Friday, March 9, 2012

Barker's Newsbites: Friday, March 9, 2012


Well... I guess it's official - Mary S. and Mike D. are dead.

So sad... so sad...

(*SIGH*)

On a brighter note... I'm having fun jousting with Maria L's friends on Facebook!

On a totally serious note, I'll just never "get" why people seemingly desire to remain ignorant.

(Ya had to be there!)

Today is an off day from the gym. YEA! Looking forward to tonight's Lenten (sp?) Friday treat: Large pie... extra cheese... garlic... onions...

(*SMACKING MY LIPS*)

Anyway... let's see if there's any news worthy of posting and commenting on!

To the comments section...!

3 comments:

William R. Barker said...

http://news.yahoo.com/us-trade-deficit-hits-52-6-billion-january-133525871.html

The U.S. trade deficit surged to the widest imbalance in more than three years in January as imports hit an all-time high...

* OH, YEAH... THE OBAMA ECONOMIC RECOVERY! (*SNICKER*)

The January trade deficit widened to $52.6 billion, the biggest gap since October 2008, the Commerce Department reported Friday. Imports rose 2.1% to a record $233.4 billion. Exports were up a smaller 1.4% to $180.8 billion.

* I'M GUESSING THEY'RE REFERRING TO EXPORTS OF AMERICAN OIL TO ASIA - THE EXPORTS THAT ARE HELPING KEEP OIL PRICES OUTRAGEOUSLY HIGH RIGHT HERE.

* OH... AND IN RELATED NEWS:

For all of 2011, the economy expanded by just 1.7%, roughly half the rate in 2010.

* BUT... BUT... BUT... THE MEDIA - AND THE DEMS - TELL US WE'RE IN AN ECONOMIC RECOVERY... (*MOCK SCRATCHING OF MY HEAD*) (*SMIRK*)

The rise in imports in January reflected a 3.3% increase in petroleum imports to $39.1 billion...

* THIS "RISE..." I'M GUESSING THEY'RE MEASURING "RISE" IN TERMS OF PRICE... NOT NUMBER OF BARRELS. AFTER ALL, WE'RE BEING TOLD PART OF THE REASON FOR CURRENT HIGH GAS PRICES IS THAT WE'RE SENDING OUR STOCKPILES OVERSEAS.

* ANYWAY, FOLKS, HOWEVER YOU SLICE IT... OUR ECONOMY IS STILL MOVING IN THE WRONG DIRECTION.

William R. Barker said...

http://abcnews.go.com/blogs/politics/2012/03/an-american-auto-bailout-for-france/

Attention U.S. taxpayers: You now own a piece of a French car company that is drowning in red ink.

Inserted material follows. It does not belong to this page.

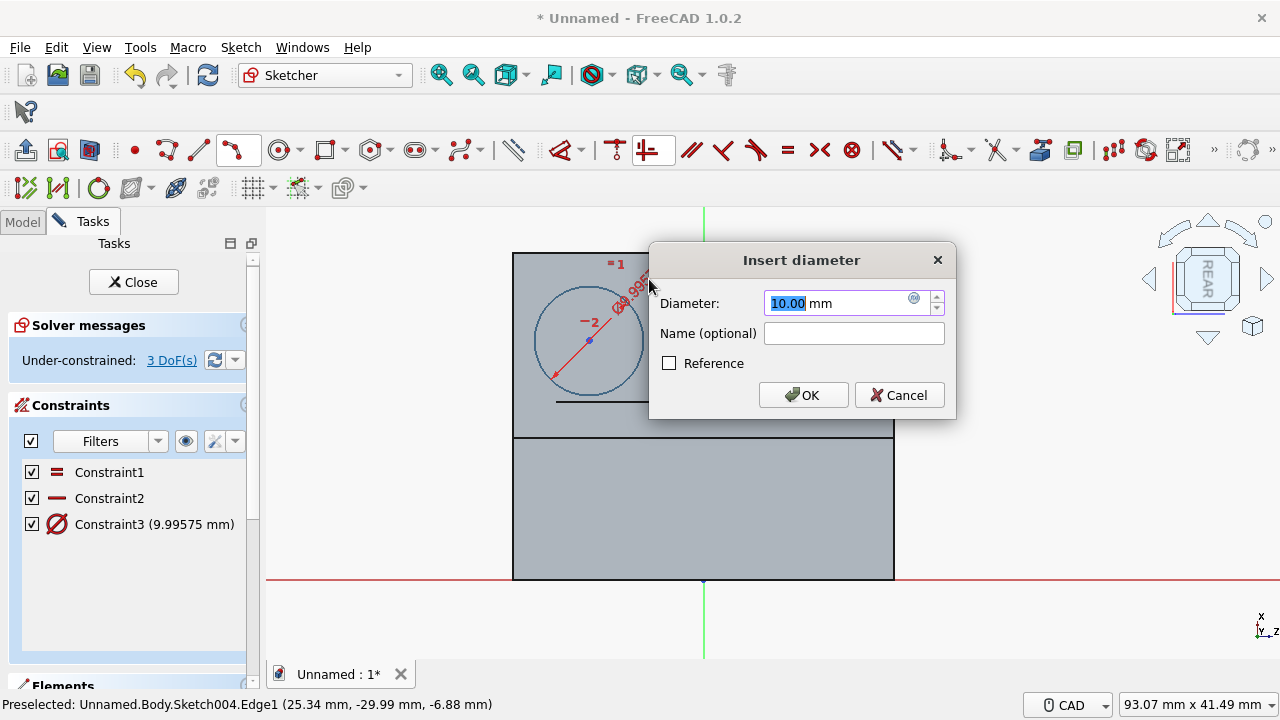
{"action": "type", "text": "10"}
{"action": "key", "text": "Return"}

That’s right. In a move little noticed outside of the business pages, General Motors last week bought more than $400 million in shares of PSA Peugeot Citroen – a 7% stake in the company.

Because U.S. taxpayers still own roughly one-quarter of GM, they now own a piece of Peugeot.

Peugeot can undoubtedly use the cash. Last year, Peugeot’s auto making division lost $123 million.

And on March 1 – just a day after the deal with GM was announced – Moody’s downgraded Peugeot’s credit rating to junk status with a negative outlook, citing “severe deterioration” of its finances.

In other words, General Motors essentially just dumped more than $400 million of taxpayer assets on junk bonds.

(*SARCASTIC CLAP-CLAP-CLAP*)

The deal will allow the Peugeot family to reduce its share of the family business.

* Hmm... I WONDER IF THE PEUGEOT FAMILY ARE BIG OBAMA DONORS...??? (JUST KIDDING!)

The Peugeots declined the opportunity to buy a piece of GM.

(*SNORT*) FOLKS... YA CAN'T MAKE THIS SHIT UP!

GM’s European operations, primarily the carmaker Opel, lost more than $700 million last year.

* NOW AIN'T THAT JUST ICING ON THE CAKE?!

* O-BAM-A! O-BAM-A! O-BAM-A! O-BAM-A!

William R. Barker said...

http://www.zerohedge.com/news/part-time-economy-redux

* JUST READ IT.

(*SIGH*)

* AND IF YOU SCROLL DOWN TO THE BOTTOM OF THE PIECE WHERE "OTHER SUGGESTED READINGS" ARE LISTED... (*SIGH*)... READ THEM TOO.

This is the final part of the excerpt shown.